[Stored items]
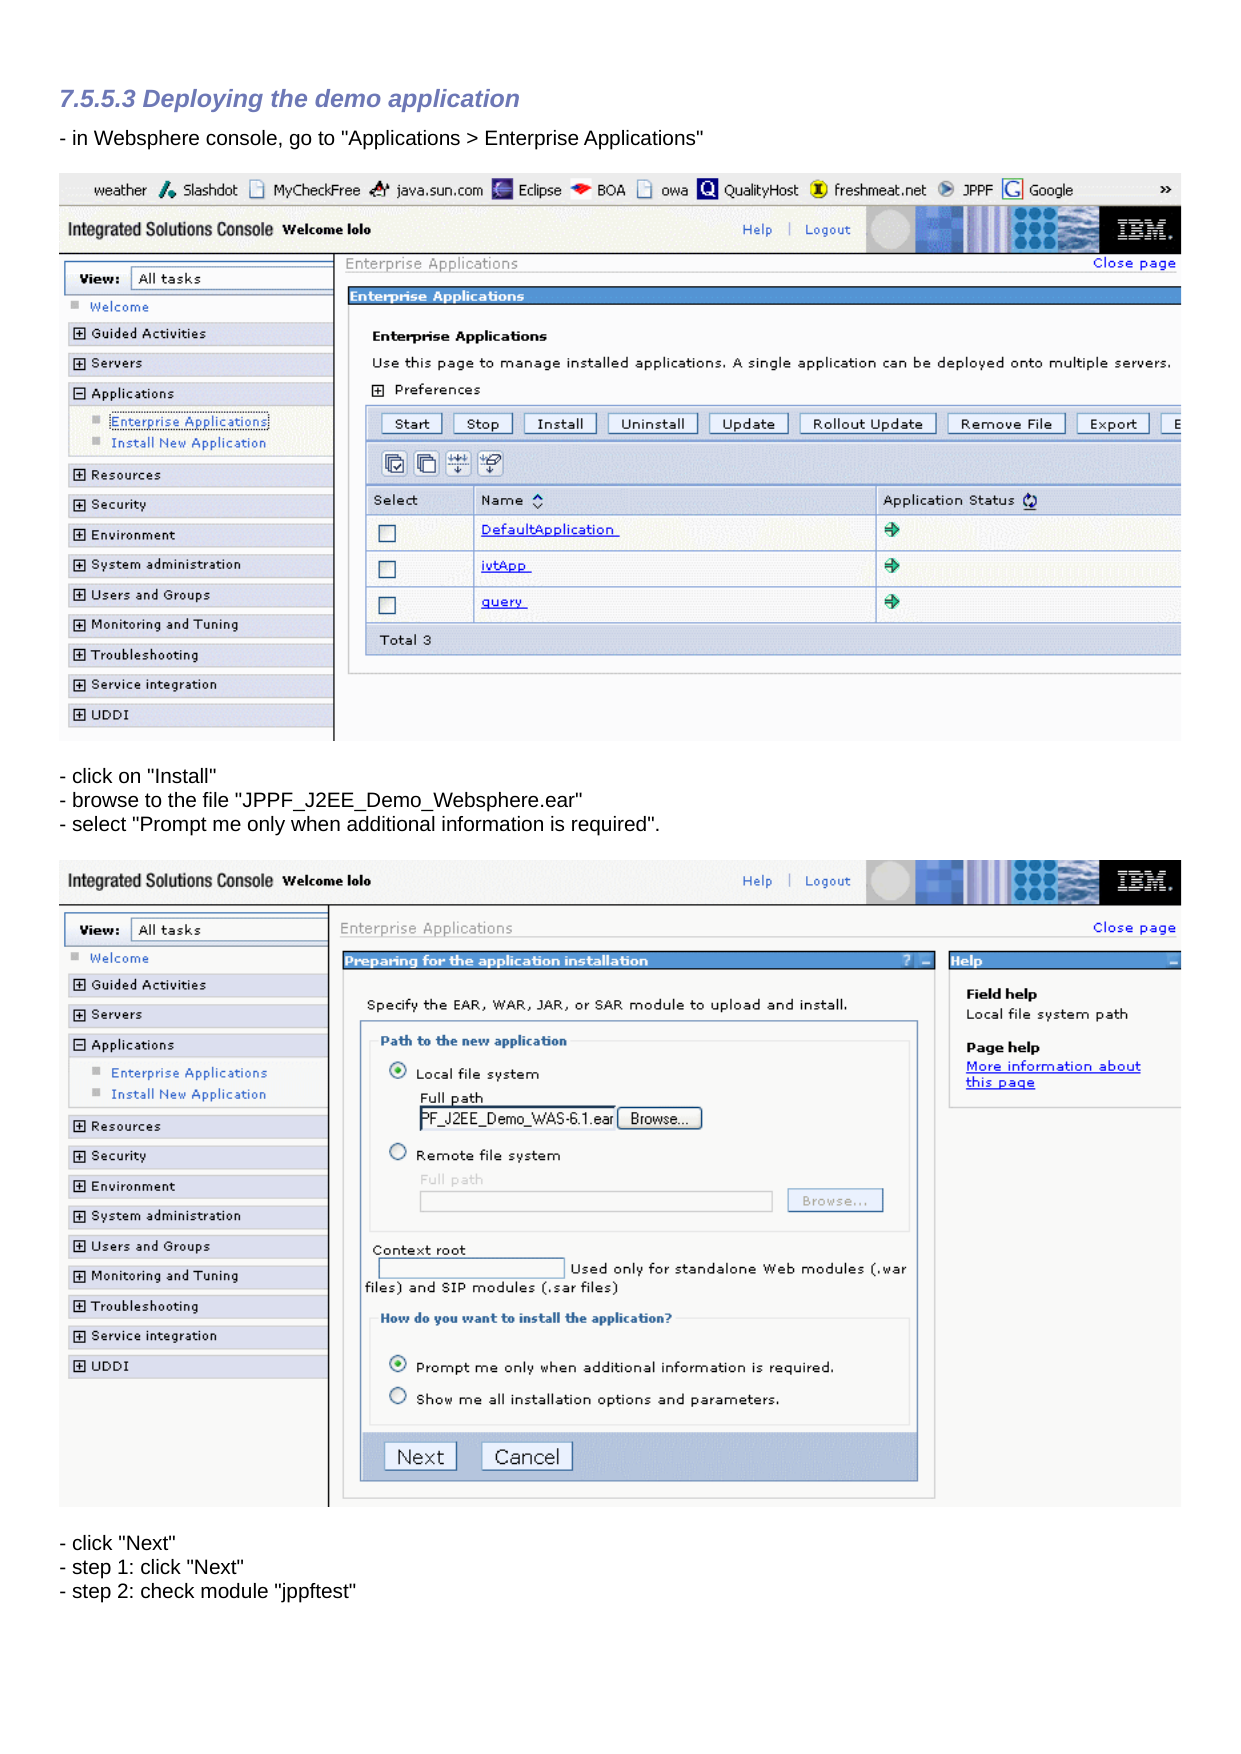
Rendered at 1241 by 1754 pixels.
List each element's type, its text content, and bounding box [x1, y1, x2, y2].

picture [59, 860, 1182, 1507]
picture [59, 173, 1182, 741]
text - step 1: click "Next" [59, 1555, 1181, 1579]
text - select "Prompt me only when additional information is required". [59, 812, 1181, 836]
text - click on "Install" [59, 764, 1181, 788]
text - in Websphere console, go to "Applications > Enterprise Applications" [59, 125, 1181, 149]
text - step 2: check module "jppftest" [59, 1579, 1181, 1603]
subtitle Deploying the demo application [59, 84, 1181, 113]
text - browse to the file "JPPF_J2EE_Demo_Websphere.ear" [59, 788, 1181, 812]
text - click "Next" [59, 1531, 1181, 1555]
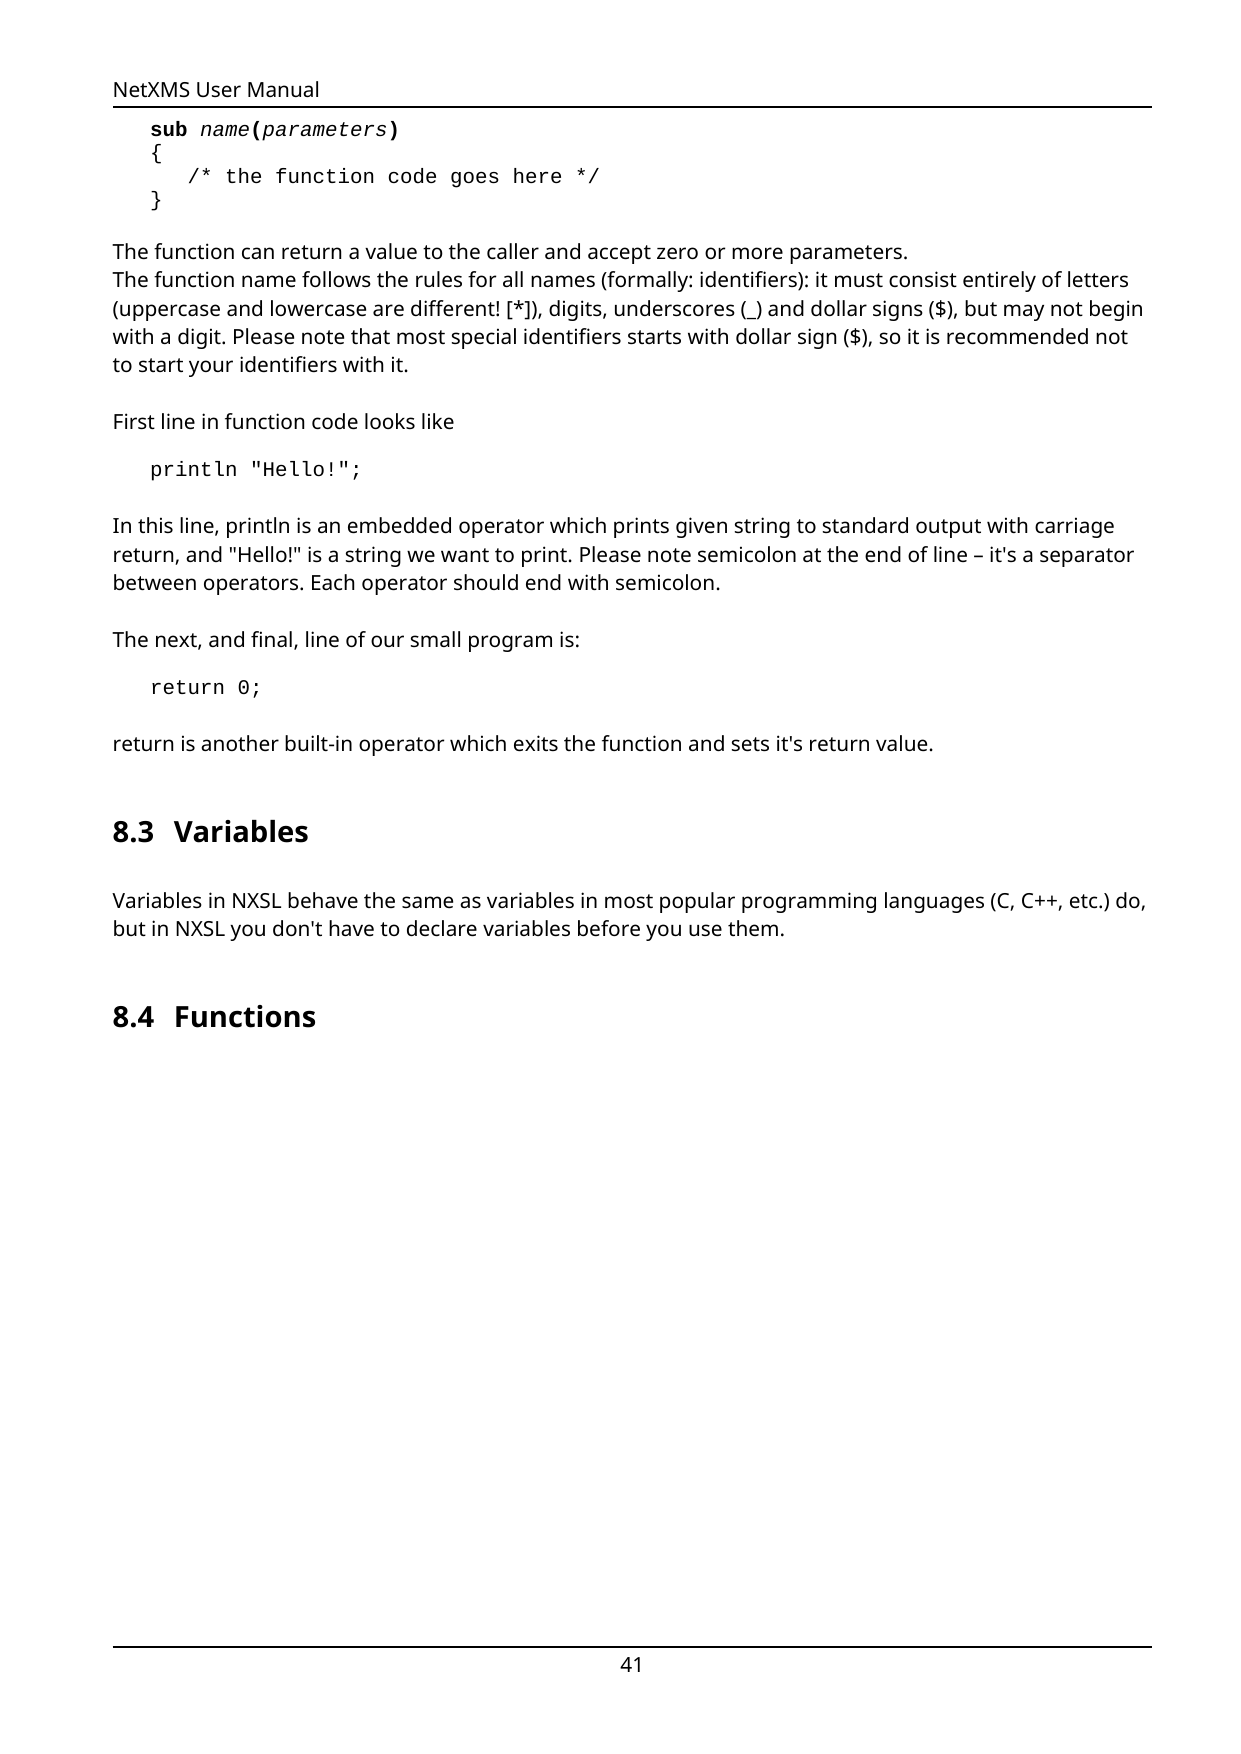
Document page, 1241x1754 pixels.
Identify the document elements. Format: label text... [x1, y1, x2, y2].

text return is another built-in operator which exits the function and sets it's return value. [112, 729, 1152, 758]
text In this line, println is an embedded operator which prints given string to standard output with carriage return, and "Hello!" is a string we want to print. Please note semicolon at the end of line – it's a separator between operators. Each operator should end with semicolon. [112, 512, 1152, 597]
subtitle Variables [112, 811, 1152, 851]
text return 0; [150, 677, 1152, 701]
text The function can return a value to the caller and accept zero or more parameters. [112, 237, 1152, 265]
text The function name follows the rules for all names (formally: identifiers): it must consist entirely of letters (uppercase and lowercase are different! [*]), digits, underscores (_) and dollar signs ($), but may not begin with a digit. Please note that most special identifiers starts with dollar sign ($), so it is recommended not to start your identifiers with it. [112, 265, 1152, 379]
text The next, and final, line of our small program is: [112, 625, 1152, 654]
text Variables in NXSL behave the same as variables in most popular programming languages (C, C++, etc.) do, but in NXSL you don't have to declare variables before you use them. [112, 886, 1152, 943]
text First line in function code looks like [112, 407, 1152, 436]
text { [150, 142, 1152, 166]
text sub name(parameters) [150, 118, 1152, 142]
text } [150, 189, 1152, 213]
text println "Hello!"; [150, 459, 1152, 483]
subtitle Functions [112, 996, 1152, 1036]
text /* the function code goes here */ [150, 166, 1152, 189]

Your assignment => Give again, word for word, every line from the top of the data through the line with "text The function can", both ends included, and exclude the pictures.

Task response =>
Rendered at 1241 by 1754 pixels.
List each element's type, its text content, and bounding box [x1, y1, x2, y2].

picture [59, 860, 1182, 1507]
picture [59, 173, 1182, 741]
text - step 1: click "Next" [59, 1555, 1181, 1579]
text - select "Prompt me only when additional information is required". [59, 812, 1181, 836]
text - click on "Install" [59, 764, 1181, 788]
text - in Websphere console, go to "Applications > Enterprise Applications" [59, 125, 1181, 149]
text - step 2: check module "jppftest" [59, 1579, 1181, 1603]
subtitle Deploying the demo application [59, 84, 1181, 113]
text - browse to the file "JPPF_J2EE_Demo_Websphere.ear" [59, 788, 1181, 812]
text - click "Next" [59, 1531, 1181, 1555]
Document page, 1241x1754 pixels.
Identify the document elements. Format: label text... [x1, y1, x2, y2].

text return is another built-in operator which exits the function and sets it's return value. [112, 729, 1152, 758]
text In this line, println is an embedded operator which prints given string to standard output with carriage return, and "Hello!" is a string we want to print. Please note semicolon at the end of line – it's a separator between operators. Each operator should end with semicolon. [112, 512, 1152, 597]
subtitle Variables [112, 811, 1152, 851]
text return 0; [150, 677, 1152, 701]
text The function can return a value to the caller and accept zero or more parameters. [112, 237, 1152, 265]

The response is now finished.